Wenatchee Apple Pie Takes Shape Hundreds Peel, Roll, Bake For Place In Guinness Book

Steve Gibbs Washington Agrinews Service

For a community claiming to be the world’s “Apple Capital,” not holding the record for the largest apple pie on the planet has been a little hard to swallow.

Saturday, residents of Wenatchee attempted to greatly expand the city’s dessert menu. Hundreds of volunteers worked to make a 40,000-pound apple pie that can make it into the Guinness Book of World Records.

Volunteers sliced 32,000 pounds of the region’s famous fruit to fill a 44-foot by 24-foot pie tin. The pie also needed 3,175 pounds of flour, 3,500 pounds of sugar and 100 pounds of cinnamon.

Pauline Sweeney, pie-baking coordinator from the North Central Washington Museum, has been camped out at Walla Walla Point Park along the Columbia River monitoring the construction of the propane-powered, steel-girded convection oven being custom made for the title attempt.

“Nothing you can say, can keep me away, from my pie,” Sweeney joked as welders put the finishing touches on the steel dome to cover the massive pie plate. “We have so many people who are donating their time for this effort, that’s how you bake a pie this big - with the help of the entire community.”

The lid of the convection oven was lifted by crane over the pie plate, and the pie baked some seven hours.

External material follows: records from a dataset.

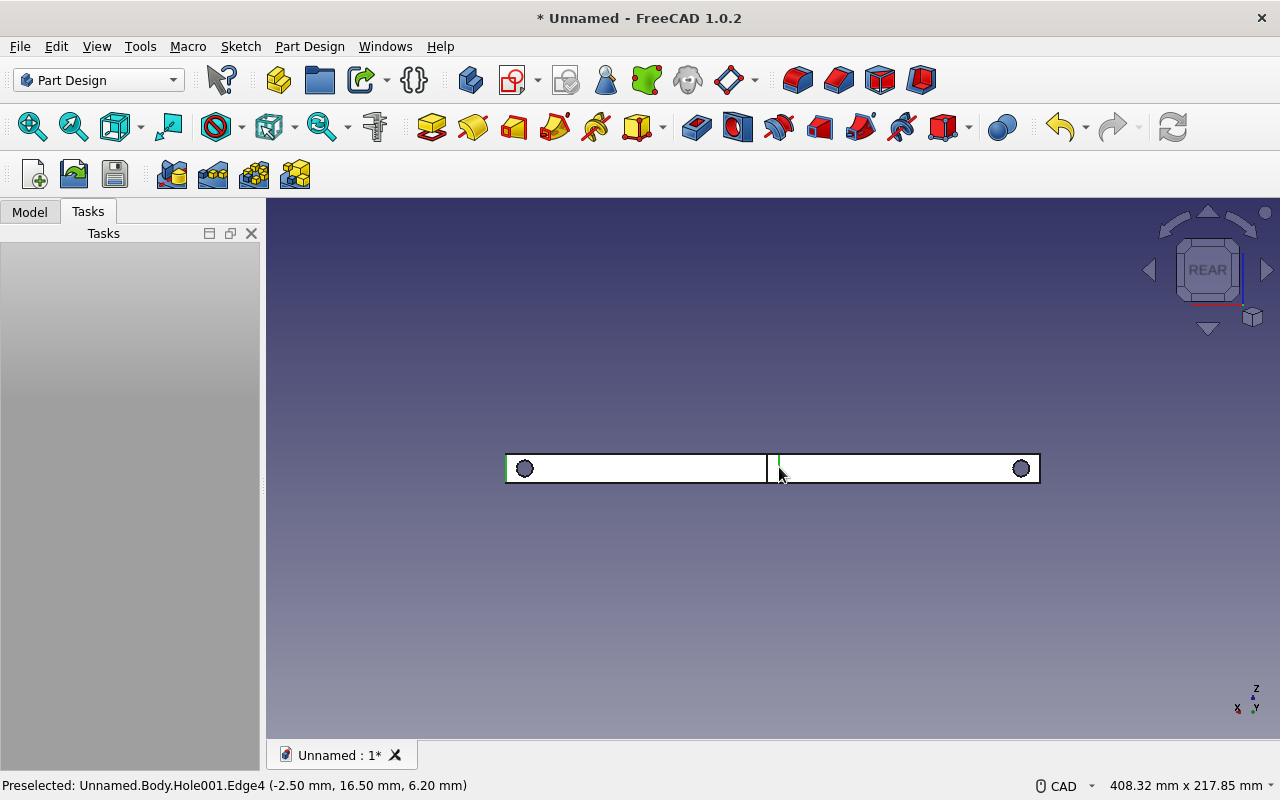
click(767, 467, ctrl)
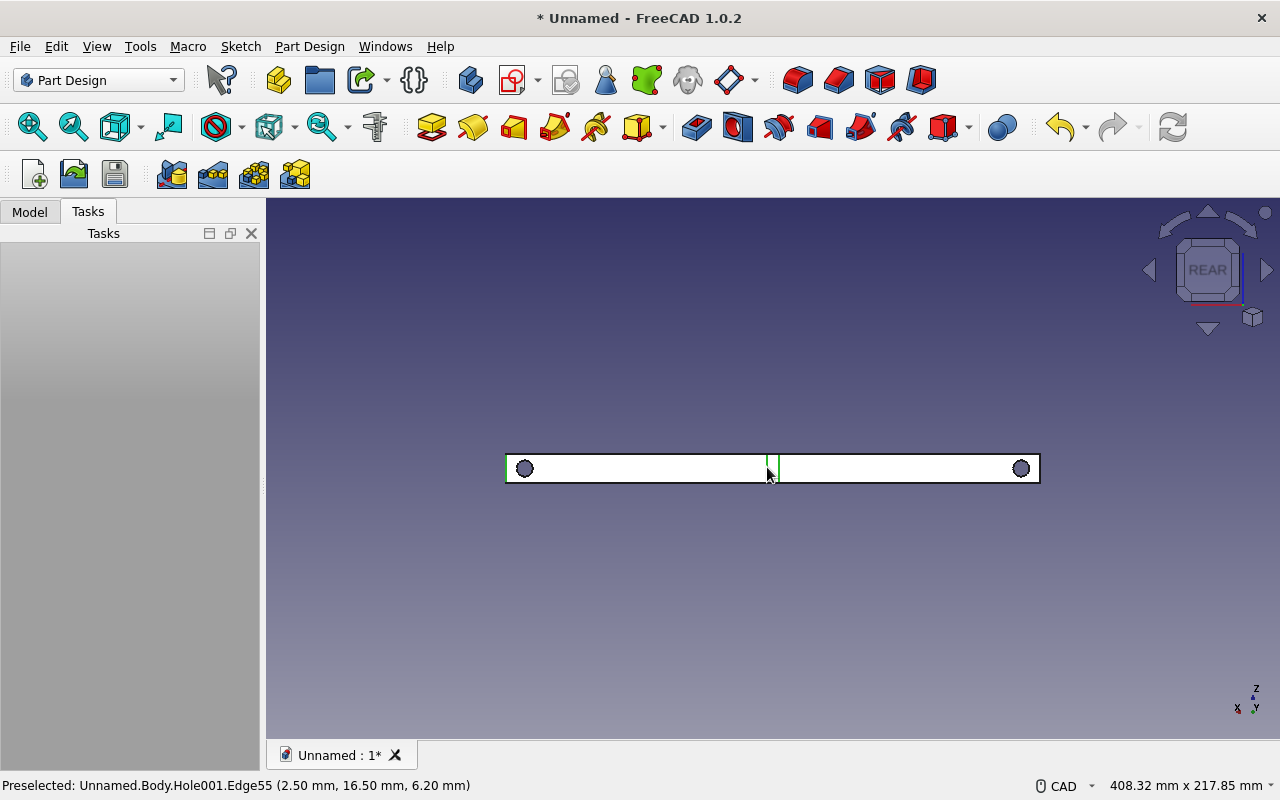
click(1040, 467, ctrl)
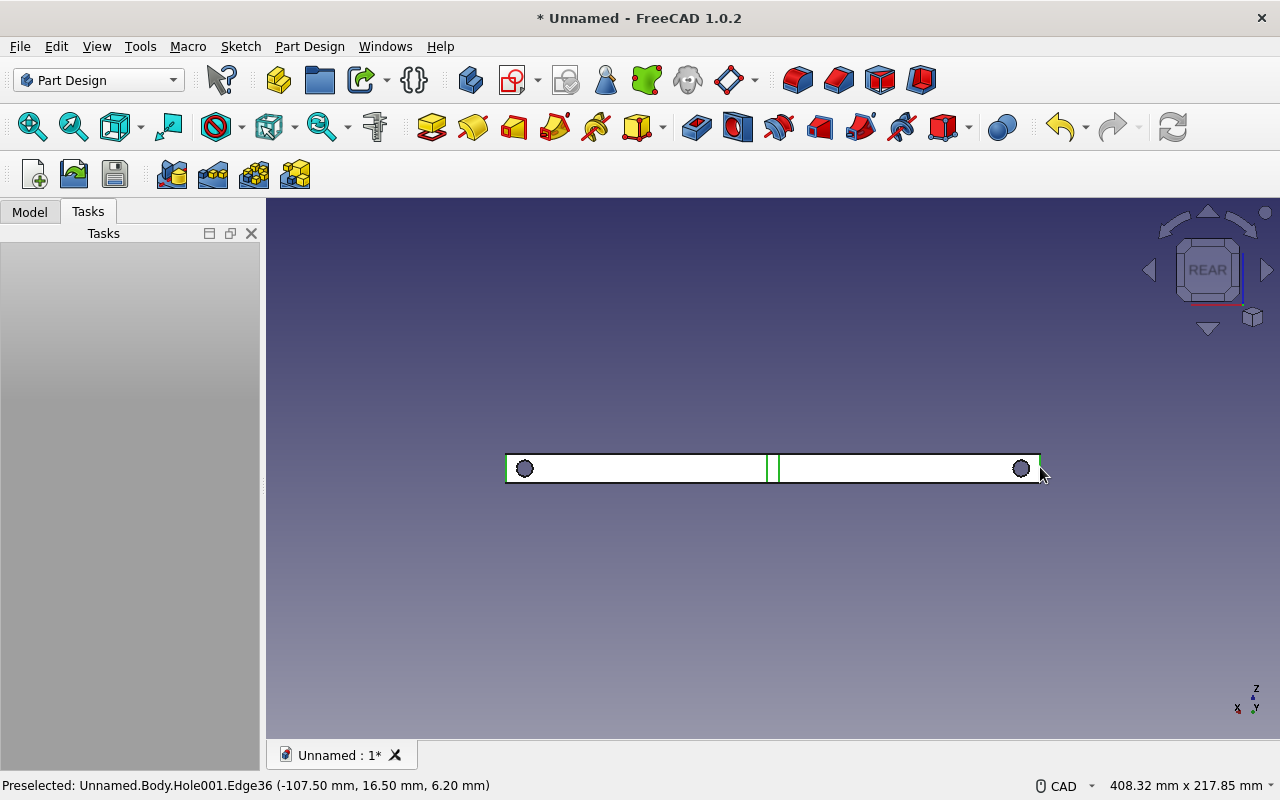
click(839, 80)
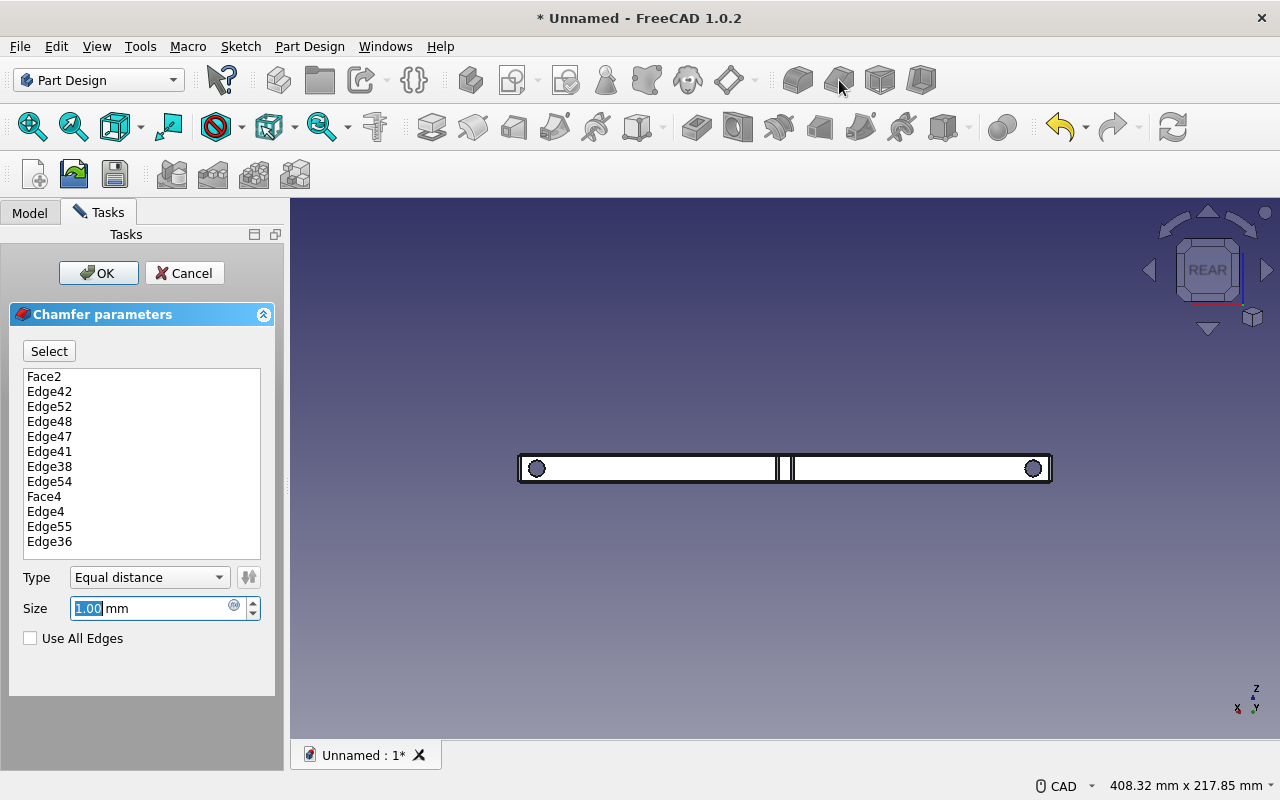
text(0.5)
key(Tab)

At 5 p.m. an official weighing, measuring and tasting ceremony took place, Sweeney said.

“The pie has to be edible to make it into the Guinness Book,” Sweeney said. “We’re going to serve it up with a shovel and we hope the community comes out and tastes the fruit of our labor.”

Wenatchee has baked the world’s largest apple pie once before. In 1938, more than 2,000 people turned out to see a 2,200-pound apple pie assembled in Memorial Park.

The world record was set in 1982 by Chef Glynn Christian of Hewitts Farm in Chelsfield, England, who baked an apple pie that weighed 30,000 pounds and was 40 feet wide.